A three-year veteran of the Student Association Senate launched a bid for the SA’s top post Thursday.
Sen. Imani Ross, U-at Large, a junior from Philadelphia, said her campaign will focus on three key issues – access, community and transparency. Ross, the chairwoman of the student life committee, is running on a platform with more than 10 main goals, including implementing mandatory cultural competency courses, renovating the third-floor terrace of the Marvin Center and creating a freshman housing system where students with similar interests live on the same floor.
“In those past three years, I’ve gotten to learn a lot, and now I want to apply what I’ve been learning to my community because I feel like my community is very underrepresented in the governing process,” Ross said.
If elected, Ross would be the first black female president of the SA.
She said she has spoken with administrators like Tim Miller, the associate dean of students, in the past few weeks about her plans and that her SA experience has allowed her to build a rapport with officials that would help her roll out projects quickly.
Ross emerged as a leader in the recent student response to a racist Snapchat post that spurred campus-wide conversation about racism and diversity. She introduced a resolution calling for the removal of the sorority Alpha Phi and a host of other measures to improve campus life for students of color.
Ross said if elected, she would seek to implement a general education requirement, mandating that all students take a course like Race and Racism or Women in Politics.
“It is sad to know some students don’t get to interact that way or have those productive dialogues without feeling like it’ll affect their student experience,” she said. “But it’s really important you have those dialogues. Why not do it in a healthy and productive academic setting?”
She said she would also work with administrators to create councils on diversity and sustainability – where student leaders can speak regularly with adminstrators on issues they are passionate about.
Ross is also seeking to eliminate “unnecessary” financial holds on student accounts, including restrictions on obtaining transcripts, which can prevent students from applying to jobs, scholarships and grants. Currently, students can be prevented from getting a transcript or registering for classes if they haven’t met requirements to visit an academic adviser or if they owe money to the University.
“If you think about it, you paid for those classes – that’s why you ended up getting a grade in the first place, because you were able to register and take the course – so you shouldn’t be penalized just because you have a financial burden,” Ross said.

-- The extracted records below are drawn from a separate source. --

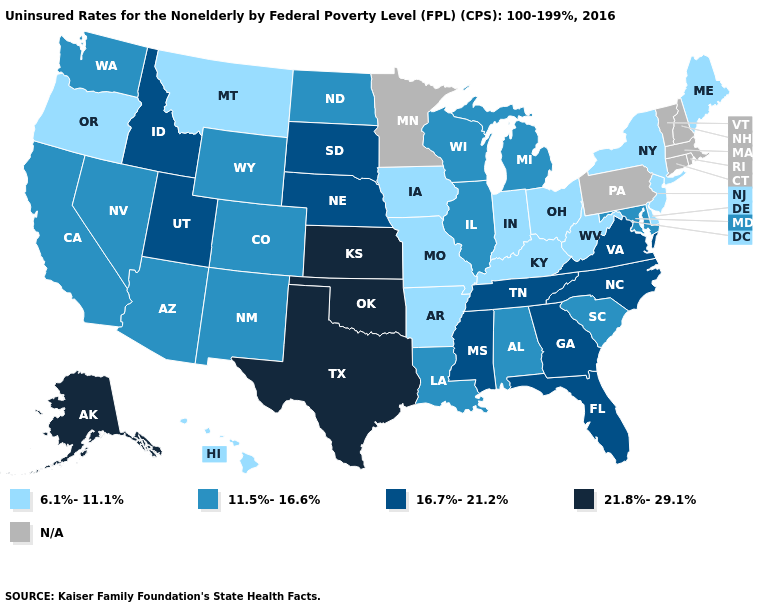What is the value of Massachusetts?
Short answer required. N/A. Does Florida have the lowest value in the USA?
Keep it brief. No. What is the value of Kentucky?
Be succinct. 6.1%-11.1%. Name the states that have a value in the range 16.7%-21.2%?
Answer briefly. Florida, Georgia, Idaho, Mississippi, Nebraska, North Carolina, South Dakota, Tennessee, Utah, Virginia. Does Kentucky have the highest value in the South?
Keep it brief. No. Among the states that border Washington , does Oregon have the highest value?
Keep it brief. No. Does West Virginia have the lowest value in the USA?
Write a very short answer. Yes. Which states have the lowest value in the USA?
Answer briefly. Arkansas, Delaware, Hawaii, Indiana, Iowa, Kentucky, Maine, Missouri, Montana, New Jersey, New York, Ohio, Oregon, West Virginia. What is the value of Nebraska?
Quick response, please. 16.7%-21.2%. What is the value of Indiana?
Keep it brief. 6.1%-11.1%. Among the states that border Wyoming , which have the highest value?
Quick response, please. Idaho, Nebraska, South Dakota, Utah. Does Nebraska have the lowest value in the MidWest?
Concise answer only. No. Name the states that have a value in the range 11.5%-16.6%?
Concise answer only. Alabama, Arizona, California, Colorado, Illinois, Louisiana, Maryland, Michigan, Nevada, New Mexico, North Dakota, South Carolina, Washington, Wisconsin, Wyoming. What is the value of Colorado?
Quick response, please. 11.5%-16.6%. Among the states that border Arizona , which have the lowest value?
Be succinct. California, Colorado, Nevada, New Mexico. 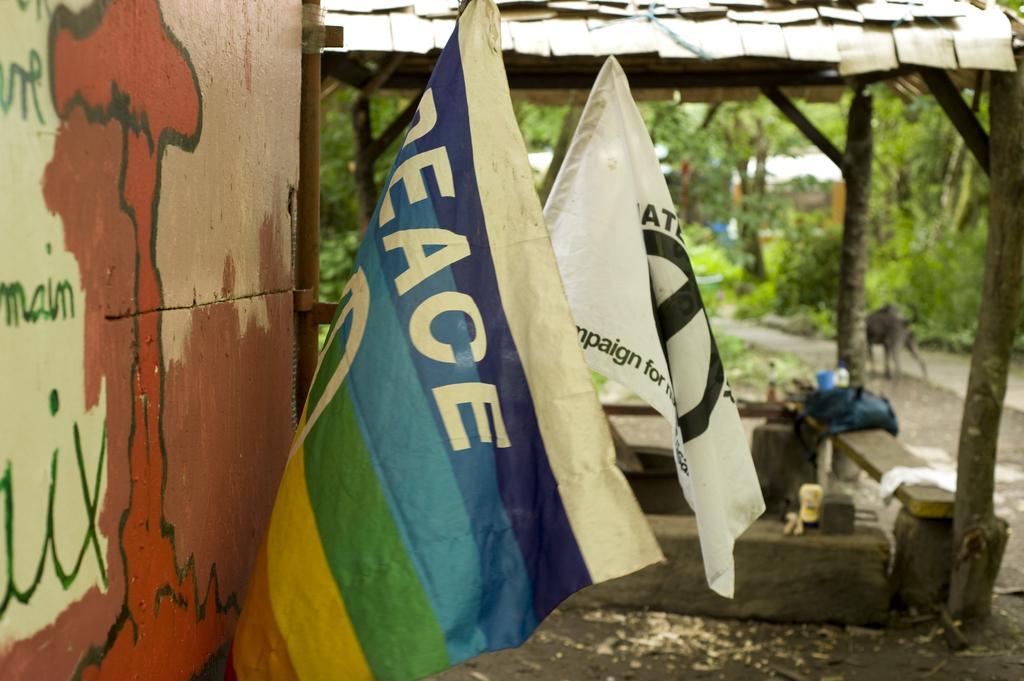How would you summarize this image in a sentence or two? In this image we can see the flags attached to the board. And we can see the shed and wooden benches, on the bench we can see the cup, bottle, cloth and few objects on it. We can see the animal standing on the ground and there are trees. 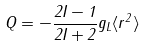Convert formula to latex. <formula><loc_0><loc_0><loc_500><loc_500>Q = - \frac { 2 I - 1 } { 2 I + 2 } g _ { L } \langle r ^ { 2 } \rangle</formula> 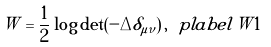Convert formula to latex. <formula><loc_0><loc_0><loc_500><loc_500>W = \frac { 1 } { 2 } \log \det ( - \Delta \delta _ { \mu \nu } ) \, , \ p l a b e l { W 1 }</formula> 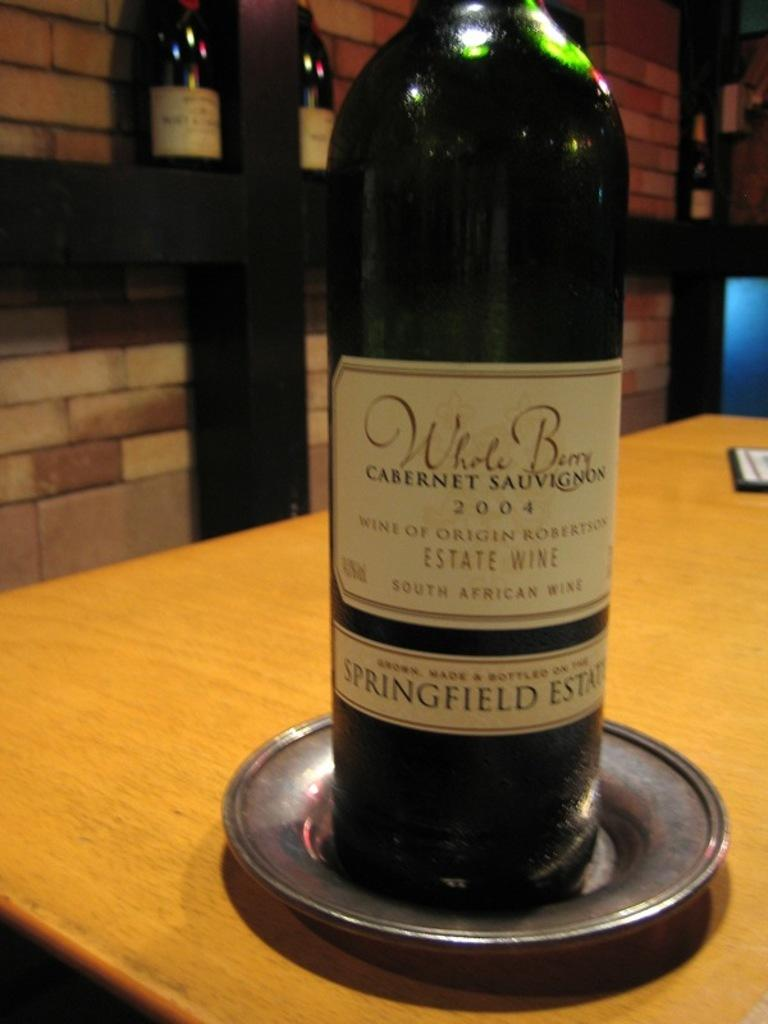<image>
Share a concise interpretation of the image provided. A bottle is labeled with the year 2004 and is on a table.

Ross is also seeking to create a housing program that would place freshmen on the same residence hall floor as other students with similar values and hobbies, but would still allow them to request roommates. She said the program would expand the process used to determine freshman roommates to allow students to live on the same floor as peers with similar interests or ideals.
“What we’re trying to do is highlight what people like to do and see if they can build community based off what they like,” she said. “It’s a jumpstart to increasing diversity and inclusion as well as getting to know people.”

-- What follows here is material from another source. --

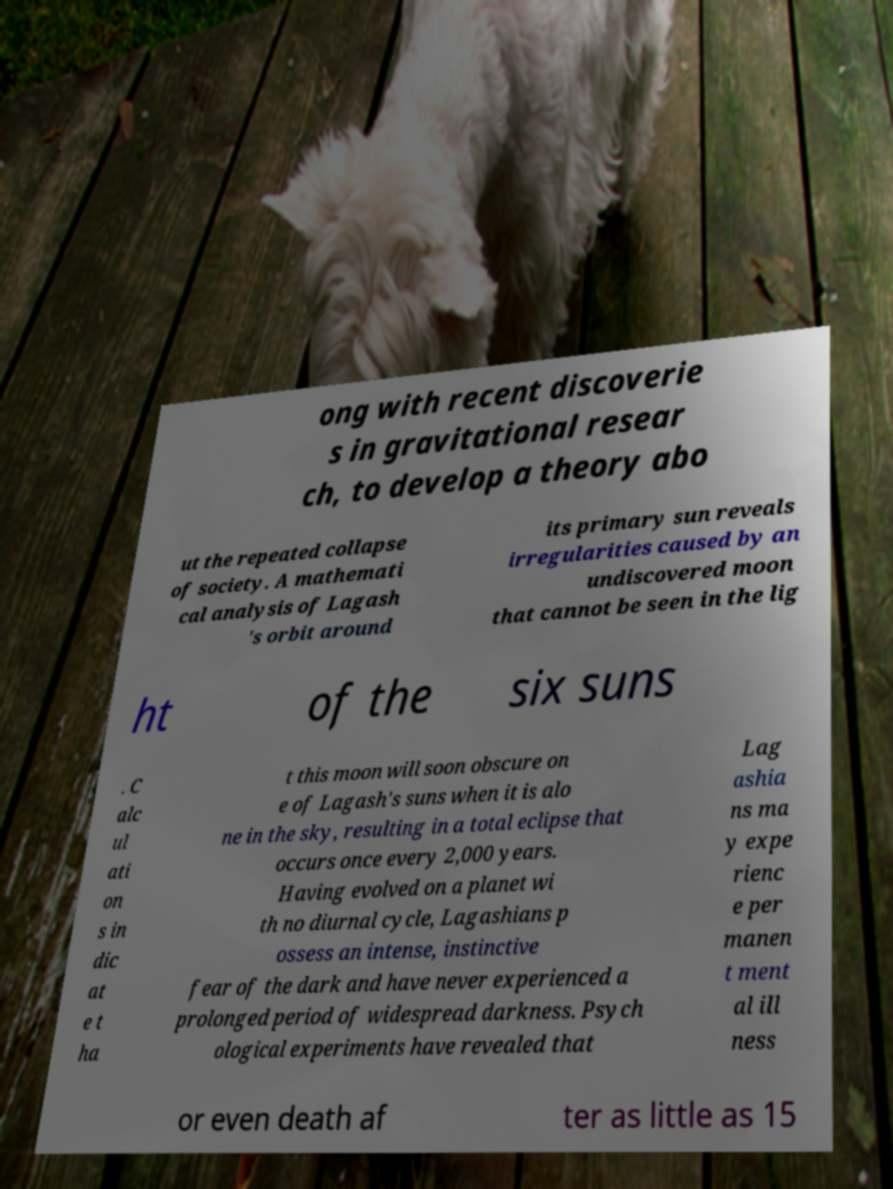For documentation purposes, I need the text within this image transcribed. Could you provide that? ong with recent discoverie s in gravitational resear ch, to develop a theory abo ut the repeated collapse of society. A mathemati cal analysis of Lagash 's orbit around its primary sun reveals irregularities caused by an undiscovered moon that cannot be seen in the lig ht of the six suns . C alc ul ati on s in dic at e t ha t this moon will soon obscure on e of Lagash's suns when it is alo ne in the sky, resulting in a total eclipse that occurs once every 2,000 years. Having evolved on a planet wi th no diurnal cycle, Lagashians p ossess an intense, instinctive fear of the dark and have never experienced a prolonged period of widespread darkness. Psych ological experiments have revealed that Lag ashia ns ma y expe rienc e per manen t ment al ill ness or even death af ter as little as 15 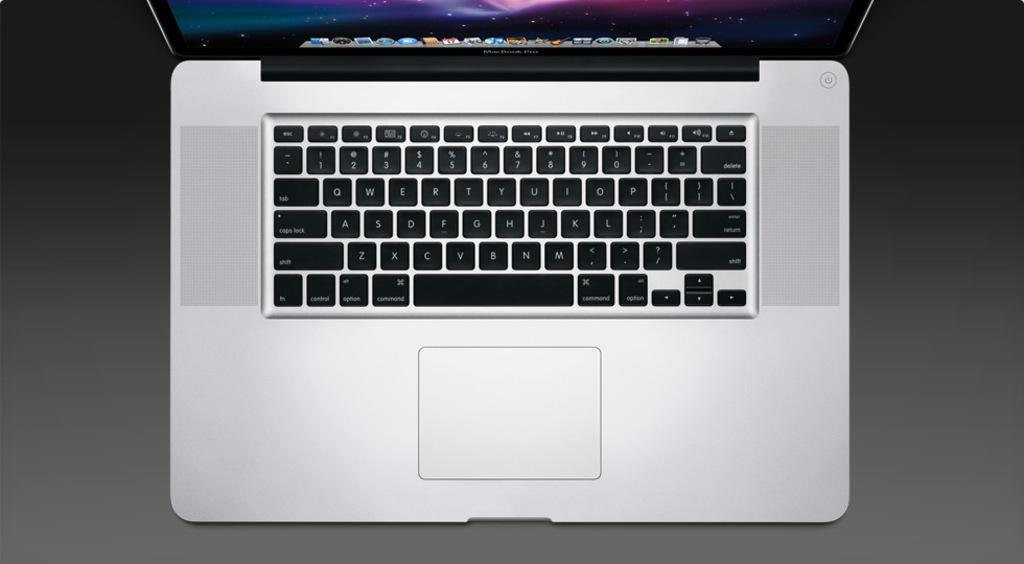Provide a one-sentence caption for the provided image. Looking down on an open Macintosh laptop computer.

She hopes to pilot the program with freshmen and if it proves to be successful, upperclassmen could opt into it, Ross said.
Ross said she also hopes to remodel and create an outdoor rooftop garden on the Marvin Center third-floor terrace, which past presidential candidates have advocated in previous years. She said she spoke with Miller and University President Thomas LeBlanc about revamping the space, and both were interested in the idea.
“I want to also make it kind of kid-friendly,” she said. “There’s a lot of grad students here that don’t have family space, and they have families, they have wives and kids and husbands and children, and so I also want to give them a space where, when they come to campus, they can bring their family.”
She added that she hopes to create a resource handbook for incoming freshmen, specific to their school or college, that will include contact information for specific administrators and information about budgeting for the meal plans.
“I think the biggest issue with our community is that there is miscommunication within the community, and a lot of incoming freshmen are super excited to come here, but they’re only given small details about what the GW experience is about,” she said.
Concentrating on transparency, Ross said she wants to press administrators to be more open with the community by implementing a biannual “State of GW Address.” The address would include updates from the University president, the leaders of the Board of Trustees and the Faculty Senate and the president of the Student Association.
These officials all currently give updates three times a year during Board of Trustees meetings.
“This will be a way that all of us as students can get a clear idea of what GW is doing as a whole and also holding us accountable,” Ross said. “When you know that you have to eventually confront students, you tend to move a lot differently, when you have to have that productive confrontation.”
Cayla Harris, Kathryn Kline, Amber Mirza and Johnny Morreale contributed reporting.